Immediate. Immediate is basically you finish the deposition and within 30 minutes to an hour it is ready to go out. The bottom line is the client is getting the transcript pretty quick after the deposition ends. Only the best reporters with 99.9 percent accuracy or a phenomenal scopist behind them can achieve these kinds of levels.
Rough. Rough is basically you go through the untranslates and fix up the transcript before sending it out with the understanding the finished transcript comes later. A rough can be a dollar or more per page in upcharges because it’s basically like an easier immediate. Proceed with caution: Many reporters go out there and produce roughs that are basically unusable. Some of my own roughs have been pretty bad. Always seek to improve and get out the best roughs so that lawyers are encouraged to use this service.

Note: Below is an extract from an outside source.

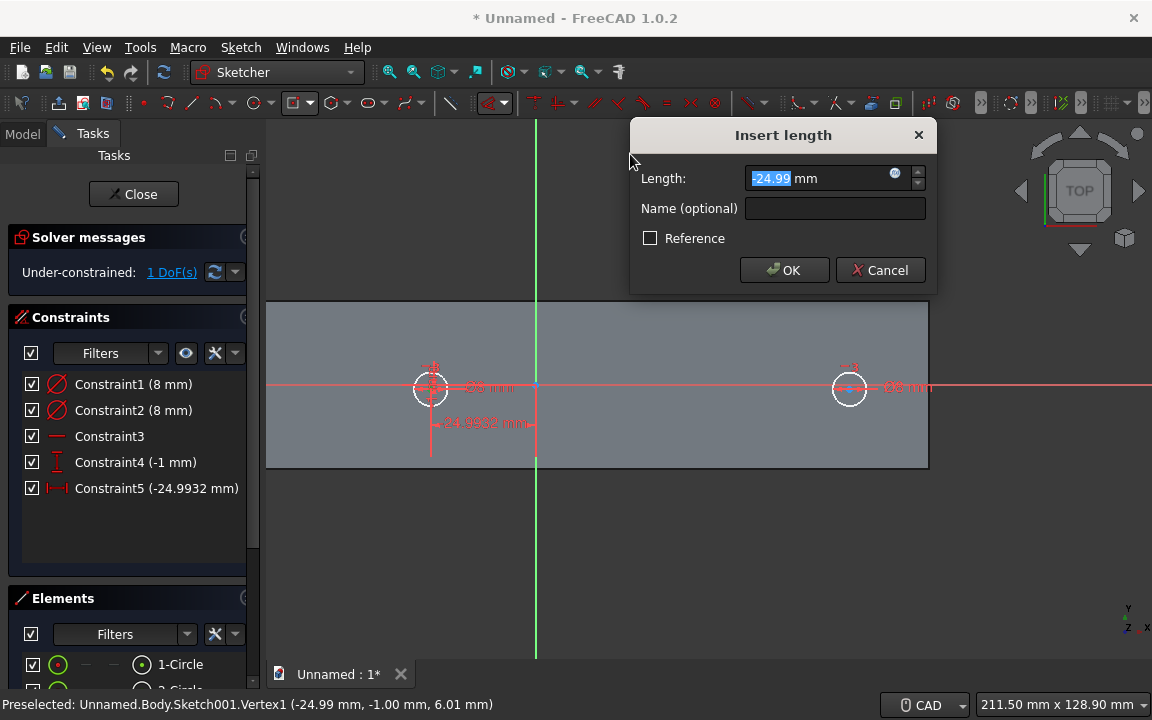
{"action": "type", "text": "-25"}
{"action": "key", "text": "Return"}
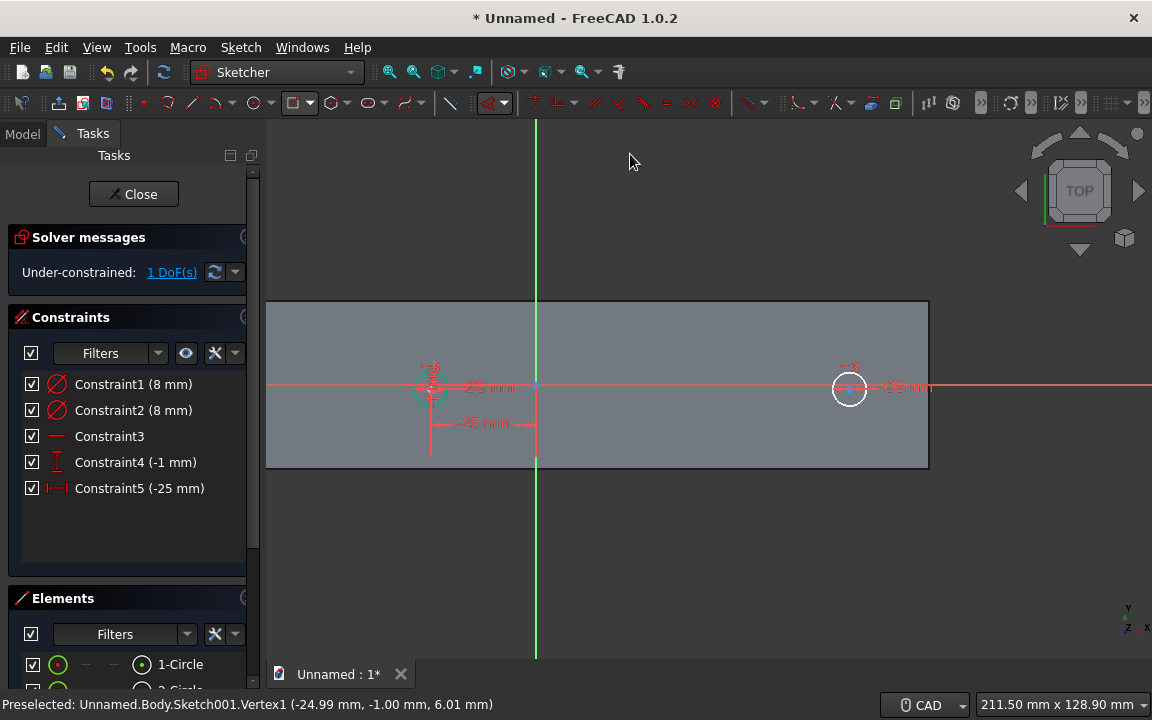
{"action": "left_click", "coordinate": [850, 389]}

Realtime. Maybe you’ve heard of realtime reporting. It’s among the largest upcharges because these reporters have their words coming out on a laptop or tablet screen for the client. I haven’t personally done realtime, but I know that these reporters can command a dollar or more per realtime hookup on top of their daily, medical, or other upcharges. Why are these upcharges important? More money per page equals fewer pages to make the annual income you want to make. We’ve got over 900 mathematical calculations to show this off.
Now that we’ve been through these different levels of skill, let’s look at how it’ll apply in the real world. Certifications exist, and they are important. That said, in many states and municipalities you can offer these services without the certification. What does this mean? It means that the limiting factor is you. It’s your skill and comfort level. It’s your willingness to go out there and say yes, I will take a medical. It’s the desire to get your skill level to a place where you can realistically offer these things. Your value, to a great degree, is dictated by you.
You will go out there and have bad jobs. There will be hard days. There will be times you feel shaky about the service you’re providing. There will be “employers” who make you feel replaceable. Just keep improving. Know where you are at. Be open to feedback, but don’t live by it. Learn from every mistake. If you are in training and know you are able to produce a daily transcript already — great! Don’t let anybody take that away from you. Don’t accept, as fact, that anybody can do it or that nobody charges for that. The freelance world — the business world — is a tough one. There are buyers and sellers, and the buyers will always be looking for a way to knock you down on the price. Remember these gradients in value, and remember that the more of them you achieve, the more you have something to sell.